#### SOURCE DATA:
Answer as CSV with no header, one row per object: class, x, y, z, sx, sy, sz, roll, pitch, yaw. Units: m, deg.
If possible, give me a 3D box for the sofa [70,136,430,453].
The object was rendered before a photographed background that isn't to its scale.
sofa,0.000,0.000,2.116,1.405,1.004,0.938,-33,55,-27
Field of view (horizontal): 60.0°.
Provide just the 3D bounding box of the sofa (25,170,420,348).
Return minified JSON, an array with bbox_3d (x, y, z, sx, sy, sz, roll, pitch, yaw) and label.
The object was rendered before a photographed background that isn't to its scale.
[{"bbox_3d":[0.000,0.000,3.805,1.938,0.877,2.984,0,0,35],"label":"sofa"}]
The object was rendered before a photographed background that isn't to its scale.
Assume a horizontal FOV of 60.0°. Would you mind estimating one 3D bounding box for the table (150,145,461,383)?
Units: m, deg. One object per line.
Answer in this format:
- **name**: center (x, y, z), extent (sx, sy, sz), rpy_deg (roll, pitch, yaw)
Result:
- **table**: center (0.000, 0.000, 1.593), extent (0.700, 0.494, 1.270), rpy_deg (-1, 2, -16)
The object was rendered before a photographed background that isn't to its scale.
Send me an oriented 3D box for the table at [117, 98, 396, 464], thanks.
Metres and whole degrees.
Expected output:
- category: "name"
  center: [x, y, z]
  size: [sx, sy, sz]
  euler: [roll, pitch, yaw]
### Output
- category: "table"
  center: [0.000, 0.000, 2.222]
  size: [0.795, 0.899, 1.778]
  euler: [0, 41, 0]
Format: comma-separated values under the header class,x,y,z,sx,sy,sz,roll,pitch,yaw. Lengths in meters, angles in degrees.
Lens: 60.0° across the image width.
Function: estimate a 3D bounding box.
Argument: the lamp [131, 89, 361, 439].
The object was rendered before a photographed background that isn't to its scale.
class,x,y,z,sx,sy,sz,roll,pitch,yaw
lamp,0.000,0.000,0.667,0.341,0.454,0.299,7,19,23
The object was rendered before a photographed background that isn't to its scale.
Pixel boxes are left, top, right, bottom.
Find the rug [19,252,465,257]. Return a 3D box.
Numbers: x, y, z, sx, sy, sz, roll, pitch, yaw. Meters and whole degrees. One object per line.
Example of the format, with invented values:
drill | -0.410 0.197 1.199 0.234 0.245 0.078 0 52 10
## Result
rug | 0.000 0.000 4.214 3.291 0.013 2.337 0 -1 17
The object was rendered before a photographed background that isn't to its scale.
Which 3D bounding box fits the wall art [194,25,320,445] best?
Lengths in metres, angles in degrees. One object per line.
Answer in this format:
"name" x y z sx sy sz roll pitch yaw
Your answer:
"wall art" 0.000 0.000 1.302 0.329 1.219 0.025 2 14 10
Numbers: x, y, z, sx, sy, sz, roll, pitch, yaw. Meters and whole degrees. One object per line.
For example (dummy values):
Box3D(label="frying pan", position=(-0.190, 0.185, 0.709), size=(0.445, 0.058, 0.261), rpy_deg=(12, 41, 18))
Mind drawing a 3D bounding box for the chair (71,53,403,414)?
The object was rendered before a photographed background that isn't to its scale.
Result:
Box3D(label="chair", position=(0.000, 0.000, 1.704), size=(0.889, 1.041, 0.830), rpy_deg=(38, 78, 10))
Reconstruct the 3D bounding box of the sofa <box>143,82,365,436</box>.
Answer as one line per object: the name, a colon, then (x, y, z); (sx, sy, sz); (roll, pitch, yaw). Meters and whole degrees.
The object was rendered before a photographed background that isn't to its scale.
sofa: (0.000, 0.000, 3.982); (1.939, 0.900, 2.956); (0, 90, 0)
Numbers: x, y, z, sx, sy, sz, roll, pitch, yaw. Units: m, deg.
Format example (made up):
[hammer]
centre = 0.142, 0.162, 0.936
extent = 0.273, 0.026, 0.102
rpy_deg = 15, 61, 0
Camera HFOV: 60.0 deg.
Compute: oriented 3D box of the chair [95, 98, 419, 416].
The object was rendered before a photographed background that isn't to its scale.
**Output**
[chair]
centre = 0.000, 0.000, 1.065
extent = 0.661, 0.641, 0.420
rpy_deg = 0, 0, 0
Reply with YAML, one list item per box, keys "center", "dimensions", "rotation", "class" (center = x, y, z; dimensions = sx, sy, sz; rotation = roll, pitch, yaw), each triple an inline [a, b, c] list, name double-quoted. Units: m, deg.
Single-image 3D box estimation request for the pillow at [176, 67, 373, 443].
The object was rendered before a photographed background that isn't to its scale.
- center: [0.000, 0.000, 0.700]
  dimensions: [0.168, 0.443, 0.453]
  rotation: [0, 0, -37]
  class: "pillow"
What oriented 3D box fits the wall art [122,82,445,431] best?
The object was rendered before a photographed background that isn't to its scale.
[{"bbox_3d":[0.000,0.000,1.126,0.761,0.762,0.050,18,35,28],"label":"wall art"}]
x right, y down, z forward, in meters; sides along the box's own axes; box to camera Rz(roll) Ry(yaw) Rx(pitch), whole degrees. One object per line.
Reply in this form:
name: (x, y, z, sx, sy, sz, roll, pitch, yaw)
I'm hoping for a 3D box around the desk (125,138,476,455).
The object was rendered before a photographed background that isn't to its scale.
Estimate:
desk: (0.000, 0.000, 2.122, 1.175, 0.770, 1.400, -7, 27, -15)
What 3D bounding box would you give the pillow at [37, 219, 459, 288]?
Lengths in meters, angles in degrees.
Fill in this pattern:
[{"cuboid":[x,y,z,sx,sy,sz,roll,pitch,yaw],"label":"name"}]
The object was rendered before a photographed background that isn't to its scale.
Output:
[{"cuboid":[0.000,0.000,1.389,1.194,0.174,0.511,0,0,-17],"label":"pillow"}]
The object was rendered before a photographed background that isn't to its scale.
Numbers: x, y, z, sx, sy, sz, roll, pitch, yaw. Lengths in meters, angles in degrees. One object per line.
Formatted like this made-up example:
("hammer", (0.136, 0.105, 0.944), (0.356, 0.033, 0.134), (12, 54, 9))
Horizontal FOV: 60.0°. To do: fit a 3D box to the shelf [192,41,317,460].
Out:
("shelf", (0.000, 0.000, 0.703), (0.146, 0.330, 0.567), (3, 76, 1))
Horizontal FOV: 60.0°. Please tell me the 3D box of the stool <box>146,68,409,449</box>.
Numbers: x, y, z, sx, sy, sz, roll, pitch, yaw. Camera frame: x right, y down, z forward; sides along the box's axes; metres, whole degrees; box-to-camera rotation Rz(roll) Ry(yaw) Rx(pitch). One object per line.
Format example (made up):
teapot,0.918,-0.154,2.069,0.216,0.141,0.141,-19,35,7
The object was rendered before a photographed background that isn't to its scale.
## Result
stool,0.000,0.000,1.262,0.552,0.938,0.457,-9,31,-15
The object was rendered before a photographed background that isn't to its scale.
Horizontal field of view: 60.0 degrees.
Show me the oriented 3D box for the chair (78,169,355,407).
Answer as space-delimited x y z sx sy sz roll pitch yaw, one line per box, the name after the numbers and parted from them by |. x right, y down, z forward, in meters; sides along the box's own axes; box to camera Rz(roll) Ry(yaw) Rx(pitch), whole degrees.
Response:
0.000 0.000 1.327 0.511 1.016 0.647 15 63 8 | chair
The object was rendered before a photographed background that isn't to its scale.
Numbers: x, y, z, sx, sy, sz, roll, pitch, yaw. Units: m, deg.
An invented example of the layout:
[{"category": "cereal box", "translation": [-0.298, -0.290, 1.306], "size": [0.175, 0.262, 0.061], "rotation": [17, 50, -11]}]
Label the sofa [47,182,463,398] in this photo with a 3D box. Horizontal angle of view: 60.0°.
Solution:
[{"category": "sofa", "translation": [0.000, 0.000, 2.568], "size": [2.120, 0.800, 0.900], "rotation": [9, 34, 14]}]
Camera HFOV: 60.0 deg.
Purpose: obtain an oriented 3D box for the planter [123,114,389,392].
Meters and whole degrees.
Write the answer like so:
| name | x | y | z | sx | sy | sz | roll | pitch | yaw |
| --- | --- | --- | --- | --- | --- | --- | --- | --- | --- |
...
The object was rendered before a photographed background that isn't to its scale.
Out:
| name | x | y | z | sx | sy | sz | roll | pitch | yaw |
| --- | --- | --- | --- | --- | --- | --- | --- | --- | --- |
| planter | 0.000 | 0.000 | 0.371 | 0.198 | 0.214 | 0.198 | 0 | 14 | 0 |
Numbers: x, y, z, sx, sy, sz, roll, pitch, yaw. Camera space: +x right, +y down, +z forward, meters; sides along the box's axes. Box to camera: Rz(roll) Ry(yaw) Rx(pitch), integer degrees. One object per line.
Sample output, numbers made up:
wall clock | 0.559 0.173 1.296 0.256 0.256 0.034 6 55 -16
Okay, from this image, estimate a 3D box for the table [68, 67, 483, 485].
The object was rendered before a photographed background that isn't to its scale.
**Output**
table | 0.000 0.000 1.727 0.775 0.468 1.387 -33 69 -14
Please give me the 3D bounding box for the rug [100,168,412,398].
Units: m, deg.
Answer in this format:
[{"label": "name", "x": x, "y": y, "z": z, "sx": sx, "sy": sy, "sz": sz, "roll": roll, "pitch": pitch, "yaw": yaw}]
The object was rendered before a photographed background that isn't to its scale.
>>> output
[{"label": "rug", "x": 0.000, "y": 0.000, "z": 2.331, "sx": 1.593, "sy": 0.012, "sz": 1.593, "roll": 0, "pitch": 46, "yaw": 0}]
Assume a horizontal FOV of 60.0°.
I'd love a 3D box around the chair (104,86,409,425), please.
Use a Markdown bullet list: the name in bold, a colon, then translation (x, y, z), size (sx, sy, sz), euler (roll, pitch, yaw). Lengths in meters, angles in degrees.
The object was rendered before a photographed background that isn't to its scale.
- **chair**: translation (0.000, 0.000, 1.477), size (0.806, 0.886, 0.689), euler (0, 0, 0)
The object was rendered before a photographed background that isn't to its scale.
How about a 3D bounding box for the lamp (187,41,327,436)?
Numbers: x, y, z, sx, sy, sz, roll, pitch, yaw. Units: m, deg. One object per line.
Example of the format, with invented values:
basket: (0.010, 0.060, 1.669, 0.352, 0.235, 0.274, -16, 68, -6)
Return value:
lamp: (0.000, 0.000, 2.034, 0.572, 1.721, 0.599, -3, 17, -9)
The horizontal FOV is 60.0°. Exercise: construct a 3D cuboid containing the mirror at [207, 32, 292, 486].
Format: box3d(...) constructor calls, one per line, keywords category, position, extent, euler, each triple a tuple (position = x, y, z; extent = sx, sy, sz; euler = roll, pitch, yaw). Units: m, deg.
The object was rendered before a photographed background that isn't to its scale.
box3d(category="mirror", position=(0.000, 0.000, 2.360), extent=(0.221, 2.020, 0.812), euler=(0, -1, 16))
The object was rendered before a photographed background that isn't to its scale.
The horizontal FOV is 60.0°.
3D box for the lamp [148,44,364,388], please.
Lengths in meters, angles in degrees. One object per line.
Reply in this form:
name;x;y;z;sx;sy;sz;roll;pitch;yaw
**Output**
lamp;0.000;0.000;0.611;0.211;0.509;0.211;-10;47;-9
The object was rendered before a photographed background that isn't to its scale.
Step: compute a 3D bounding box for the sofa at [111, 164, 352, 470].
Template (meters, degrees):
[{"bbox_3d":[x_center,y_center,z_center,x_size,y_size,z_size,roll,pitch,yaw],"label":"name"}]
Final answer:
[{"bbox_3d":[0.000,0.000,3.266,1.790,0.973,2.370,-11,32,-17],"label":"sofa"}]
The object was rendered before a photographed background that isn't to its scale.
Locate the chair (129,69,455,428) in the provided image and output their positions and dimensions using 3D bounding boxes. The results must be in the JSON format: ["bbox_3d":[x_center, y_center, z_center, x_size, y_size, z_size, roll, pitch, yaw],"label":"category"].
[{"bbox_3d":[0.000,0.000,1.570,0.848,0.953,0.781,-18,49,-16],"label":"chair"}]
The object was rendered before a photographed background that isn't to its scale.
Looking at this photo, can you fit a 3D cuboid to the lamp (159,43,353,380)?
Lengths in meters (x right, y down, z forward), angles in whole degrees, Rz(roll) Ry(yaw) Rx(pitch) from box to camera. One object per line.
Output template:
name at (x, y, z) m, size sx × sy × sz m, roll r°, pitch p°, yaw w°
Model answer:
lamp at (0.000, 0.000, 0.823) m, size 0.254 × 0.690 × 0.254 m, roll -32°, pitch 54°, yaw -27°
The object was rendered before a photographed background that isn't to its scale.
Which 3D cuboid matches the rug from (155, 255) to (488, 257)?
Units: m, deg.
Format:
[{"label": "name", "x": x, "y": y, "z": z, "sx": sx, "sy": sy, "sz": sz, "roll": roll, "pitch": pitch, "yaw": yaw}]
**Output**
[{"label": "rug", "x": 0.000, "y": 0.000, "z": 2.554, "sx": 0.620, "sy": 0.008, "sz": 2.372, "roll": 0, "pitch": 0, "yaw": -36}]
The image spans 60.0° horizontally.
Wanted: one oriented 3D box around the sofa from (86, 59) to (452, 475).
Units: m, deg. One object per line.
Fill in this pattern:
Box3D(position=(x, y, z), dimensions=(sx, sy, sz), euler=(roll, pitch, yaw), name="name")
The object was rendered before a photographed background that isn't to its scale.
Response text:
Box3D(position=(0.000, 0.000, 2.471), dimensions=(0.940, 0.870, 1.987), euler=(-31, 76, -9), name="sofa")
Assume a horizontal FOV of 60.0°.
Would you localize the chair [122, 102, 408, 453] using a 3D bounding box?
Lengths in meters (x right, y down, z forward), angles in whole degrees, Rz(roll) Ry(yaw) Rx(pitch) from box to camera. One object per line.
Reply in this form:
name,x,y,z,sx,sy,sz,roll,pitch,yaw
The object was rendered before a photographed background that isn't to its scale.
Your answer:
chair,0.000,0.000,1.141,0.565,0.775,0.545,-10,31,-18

#### REQUIRED WORK:
Across all the records above, find each line with "colon" in it and copy it.

#### SOLUTION TO THIS TASK:
Answer as one line per object: the name, a colon, then (x, y, z); (sx, sy, sz); (roll, pitch, yaw). Meters and whole degrees.
Use a Markdown bullet list: the name in bold, a colon, then translation (x, y, z), size (sx, sy, sz), euler (roll, pitch, yaw). Lengths in meters, angles in degrees.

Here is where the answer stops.